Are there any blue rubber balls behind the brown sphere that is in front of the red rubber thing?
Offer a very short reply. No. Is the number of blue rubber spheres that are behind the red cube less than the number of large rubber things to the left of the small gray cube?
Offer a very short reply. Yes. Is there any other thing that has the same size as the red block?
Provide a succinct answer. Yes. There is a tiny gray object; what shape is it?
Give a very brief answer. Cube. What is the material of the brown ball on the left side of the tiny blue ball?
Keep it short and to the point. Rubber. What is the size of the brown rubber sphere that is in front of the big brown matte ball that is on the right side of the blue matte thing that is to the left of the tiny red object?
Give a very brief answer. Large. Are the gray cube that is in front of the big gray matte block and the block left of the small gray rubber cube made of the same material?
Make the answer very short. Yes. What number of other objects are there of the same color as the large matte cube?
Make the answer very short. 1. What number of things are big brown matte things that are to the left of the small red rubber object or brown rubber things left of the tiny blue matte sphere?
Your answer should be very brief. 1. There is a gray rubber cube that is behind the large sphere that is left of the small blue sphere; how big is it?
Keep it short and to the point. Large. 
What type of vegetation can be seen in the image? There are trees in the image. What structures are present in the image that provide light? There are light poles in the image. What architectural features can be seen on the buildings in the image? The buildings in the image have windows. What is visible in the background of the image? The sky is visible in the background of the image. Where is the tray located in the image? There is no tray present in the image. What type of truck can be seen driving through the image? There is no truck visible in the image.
...
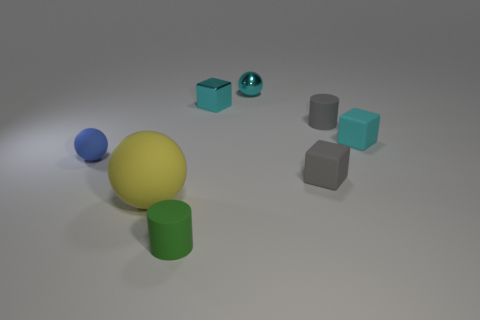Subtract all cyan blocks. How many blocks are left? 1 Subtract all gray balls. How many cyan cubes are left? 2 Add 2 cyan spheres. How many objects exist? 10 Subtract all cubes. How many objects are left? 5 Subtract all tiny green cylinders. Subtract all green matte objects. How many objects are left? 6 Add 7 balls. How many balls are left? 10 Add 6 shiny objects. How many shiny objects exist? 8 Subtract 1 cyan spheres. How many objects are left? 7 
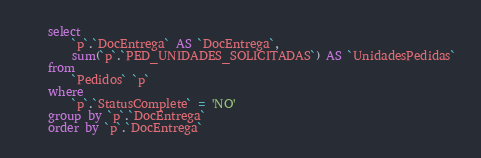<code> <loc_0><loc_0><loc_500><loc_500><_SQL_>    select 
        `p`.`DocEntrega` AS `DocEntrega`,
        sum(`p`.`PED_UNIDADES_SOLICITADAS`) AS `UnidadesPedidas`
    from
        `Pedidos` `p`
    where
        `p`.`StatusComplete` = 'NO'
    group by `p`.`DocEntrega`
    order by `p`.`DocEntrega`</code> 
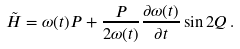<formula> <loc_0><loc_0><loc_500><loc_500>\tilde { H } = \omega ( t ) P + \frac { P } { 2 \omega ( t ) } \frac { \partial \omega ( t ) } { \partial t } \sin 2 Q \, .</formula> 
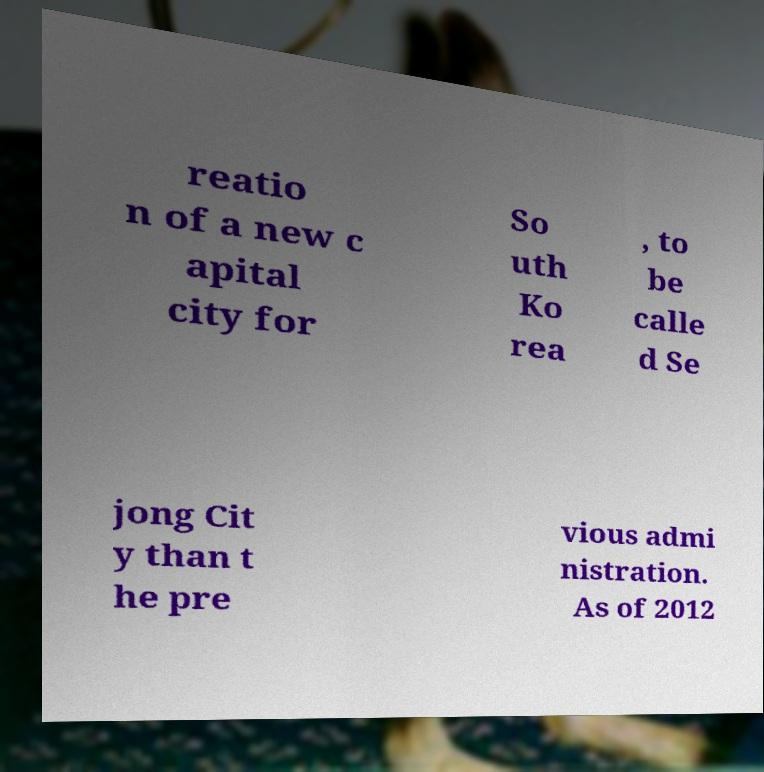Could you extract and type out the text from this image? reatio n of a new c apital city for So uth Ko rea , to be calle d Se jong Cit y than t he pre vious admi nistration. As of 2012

* [Activity]: With the first line being the one containing "Keep it short and to the point. Rubber." and the last line the one containing "What type of vegetation", transcribe exactly the lines above that fall in that range.

* [Exercise response]:
Keep it short and to the point. Rubber. What is the size of the brown rubber sphere that is in front of the big brown matte ball that is on the right side of the blue matte thing that is to the left of the tiny red object?
Give a very brief answer. Large. Are the gray cube that is in front of the big gray matte block and the block left of the small gray rubber cube made of the same material?
Make the answer very short. Yes. What number of other objects are there of the same color as the large matte cube?
Make the answer very short. 1. What number of things are big brown matte things that are to the left of the small red rubber object or brown rubber things left of the tiny blue matte sphere?
Your answer should be very brief. 1. There is a gray rubber cube that is behind the large sphere that is left of the small blue sphere; how big is it?
Keep it short and to the point. Large. 
What type of vegetation can be seen in the image? There are trees in the image. What structures are present in the image that provide light? There are light poles in the image. What architectural features can be seen on the buildings in the image? The buildings in the image have windows. What is visible in the background of the image? The sky is visible in the background of the image. Where is the tray located in the image? There is no tray present in the image. What type of truck can be seen driving through the image? There is no truck visible in the image.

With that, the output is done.